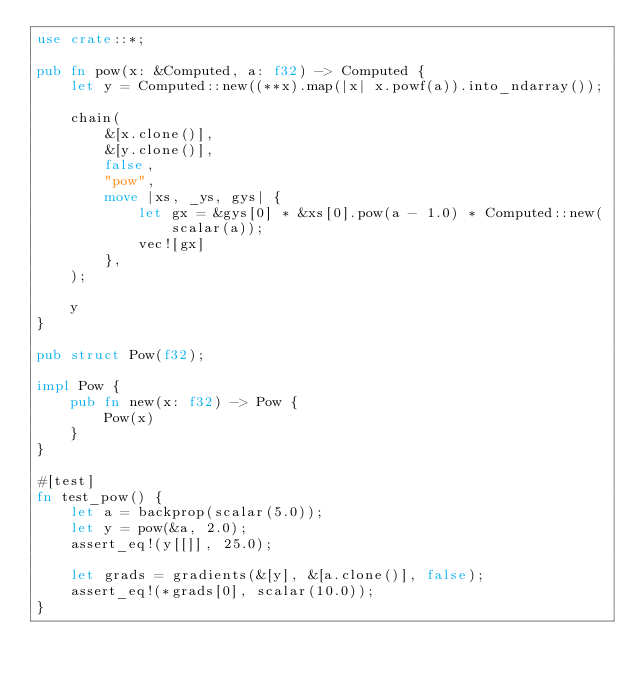<code> <loc_0><loc_0><loc_500><loc_500><_Rust_>use crate::*;

pub fn pow(x: &Computed, a: f32) -> Computed {
    let y = Computed::new((**x).map(|x| x.powf(a)).into_ndarray());

    chain(
        &[x.clone()],
        &[y.clone()],
        false,
        "pow",
        move |xs, _ys, gys| {
            let gx = &gys[0] * &xs[0].pow(a - 1.0) * Computed::new(scalar(a));
            vec![gx]
        },
    );

    y
}

pub struct Pow(f32);

impl Pow {
    pub fn new(x: f32) -> Pow {
        Pow(x)
    }
}

#[test]
fn test_pow() {
    let a = backprop(scalar(5.0));
    let y = pow(&a, 2.0);
    assert_eq!(y[[]], 25.0);

    let grads = gradients(&[y], &[a.clone()], false);
    assert_eq!(*grads[0], scalar(10.0));
}
</code>

How to complete this task:
Copy out all the data exactly. No images belong in the copy.

Exercise result:
<code> <loc_0><loc_0><loc_500><loc_500><_Rust_>use crate::*;

pub fn pow(x: &Computed, a: f32) -> Computed {
    let y = Computed::new((**x).map(|x| x.powf(a)).into_ndarray());

    chain(
        &[x.clone()],
        &[y.clone()],
        false,
        "pow",
        move |xs, _ys, gys| {
            let gx = &gys[0] * &xs[0].pow(a - 1.0) * Computed::new(scalar(a));
            vec![gx]
        },
    );

    y
}

pub struct Pow(f32);

impl Pow {
    pub fn new(x: f32) -> Pow {
        Pow(x)
    }
}

#[test]
fn test_pow() {
    let a = backprop(scalar(5.0));
    let y = pow(&a, 2.0);
    assert_eq!(y[[]], 25.0);

    let grads = gradients(&[y], &[a.clone()], false);
    assert_eq!(*grads[0], scalar(10.0));
}
</code>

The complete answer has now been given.